I’ve written about this before, but that was decades ago and since today is Earth Day, I thought it might be time to retell the story.

Above you see a flyer for the Earth Day 1990 concert that Radio Free Charleston sponsored, along with the group Project Earth on the campus of West Virginia State College (before it grew up and became a University).  It was the twentieth year that Earth Day was celebrated, and we wanted to observe it with something memorable. The flyer you see is a rare example of yours truly being able to create nearly-legible lettering, back in the days before MG gave me a great excuse for my awful penmanship.

This was a high-water mark for the radio incarnation of RFC.   I had to pull off promoting and organizing a concert on short notice with absolutely no support from the station management.  By this point, the acting general manager was openly hostile towards RFC, and the program director was more interested in sacrificing the show so he could wrest the GM’s job away than he was in helping the station actually make money.

But we pulled off a huge event.  Seven bands took the stage at the Davis Fine Arts building. In between we had speakers and low-level bottom-feeding politicians, some of whom brought their own hecklers (whatever happened to those guys anyway?).  Campus security told me that, by their count, close to two thousand people drifted through the Davis building during the course of the eight-hour show.  I was interviewed by WCHS TV (by a very young Tim Irr, in fact, back in his cub reporter days).  Somehow we managed to provide free Gino’s Pizza and Pepsi products for the audience–who got in free.

I look back and wonder how we wrangled it.  It was an incredible day of music, good vibes, bad political theater and in retrospect, it was a bit of a last hurrah for that initial broadcast incarnation of RFC.  The show was cancelled two weeks later.  That wasn’t really a huge shock.  I was miserable working at the radio station by that point.  Management was so antagonistic towards RFC that they actually refused advertising for the show.
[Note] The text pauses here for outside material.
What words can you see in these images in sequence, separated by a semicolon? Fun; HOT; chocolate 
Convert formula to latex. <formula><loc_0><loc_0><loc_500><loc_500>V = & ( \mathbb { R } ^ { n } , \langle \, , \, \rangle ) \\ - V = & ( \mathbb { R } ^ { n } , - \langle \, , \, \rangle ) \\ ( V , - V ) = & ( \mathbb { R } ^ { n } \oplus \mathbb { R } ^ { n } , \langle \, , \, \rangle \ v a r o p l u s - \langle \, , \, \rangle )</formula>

The only way I was able to promote this concert on other disc jockey’s shifts was by mislabelling the promo carts.

Which I did, to excesss! I apologize once again to the innocent bystanders in the traffic department.

Anyway, the concert was a triumph.  Many of the musicians involved are still active in the local scene, and have turned up on the video version of RFC and can still be heard on our internet radio version.

Clownhole reformed in 2023/24 and recorded many of their original songs that they performed that day. The Beckner brothers from Go Van Gogh are still making music with their bands: Stephen in Speedsuit and Mark in Nixon Black. Spencer Elliott, from Some Forgotten Color has become a reknown guitar master, with international releases (and a new one in the works).  Sean Richards from Strawfyssh performs in the area regularly and is the man behind the “Sober Curious” venue, Pumzi’s. Two of The Swivels have recently been collaborating, but I’m not at liberty to discuss that project.

Some of the musicians are no longer with us, too.  That’ll happen when you’re talking about an event that transpired thirty-six years ago. We recently lost Brian Young, and I am still compiling a video tribute to him. That one really hurts. Before that we lost Gary Price and Tommy Medvick from The Swivels and Johnny Rock from Go Van Gogh, and the loss of those close friends makes this a bittersweet memory, but still a fond one.

With so many lasting friendships dating back to this special day before many of my readers were born, you can see why I wanted to take another look back. This is sort fo like me looking through a scrapbook at my days as a star high school football player…if I had ever been remotely athletic and didn’t hate going to high school. We all have triumphant memories from our youth. It’s fun to wallow in them once in a while.

Of course, the day could have been even bigger.  Had I put in my request a week earlier, the show would have been headlined by Peter Buck, of R.E.M.  I’d gotten friendly with his manager, who steered a few other acts on his roster my way during while I was doing the radio show.  This concert came together on such short notice that there was no way I was going to be able to land a big name.  I did get to hang out with Peter a year later, the night before R.E.M. appeared on Mountain Stage, but that’s another long rambling nostalgic story with details that still can’t be divulged.

Anyway, this was a great day, and it was nice to go out on a high note.  Within a month, RFC was off the air, I left Project Earth after it was taken over by agents of the Jim Humphey’s campaign (the attraction that the group held for me was that it was non-partisan, when the group was seized by people who wanted me to work the phones for a politician whom I couldn’t possibly hold in lower regard, I was out the door). I don’t even know if the group is still around.  But that night….it was worth it.  We had a huge party for the RFC crowd, raised awareness of environmental issues, and it was the 21st birthday of Little Susan, the official little sister of RFC.  Happy Birthday, Little Susan, where ever you are.

Oh, and we didn’t litter too much either. That would have been bad.

There were folks on hand to record video and audio of the event, but to this day I have not be able to track down either. It remains my great white whale of lost RFC artifacts.

Which is probably not the best anaology to use on Earth Day, now that I think about it.

Anyway, Happy Earth Day. Maybe one of these days we can actually celebrate it by not coming up with new ways to destroy the planet.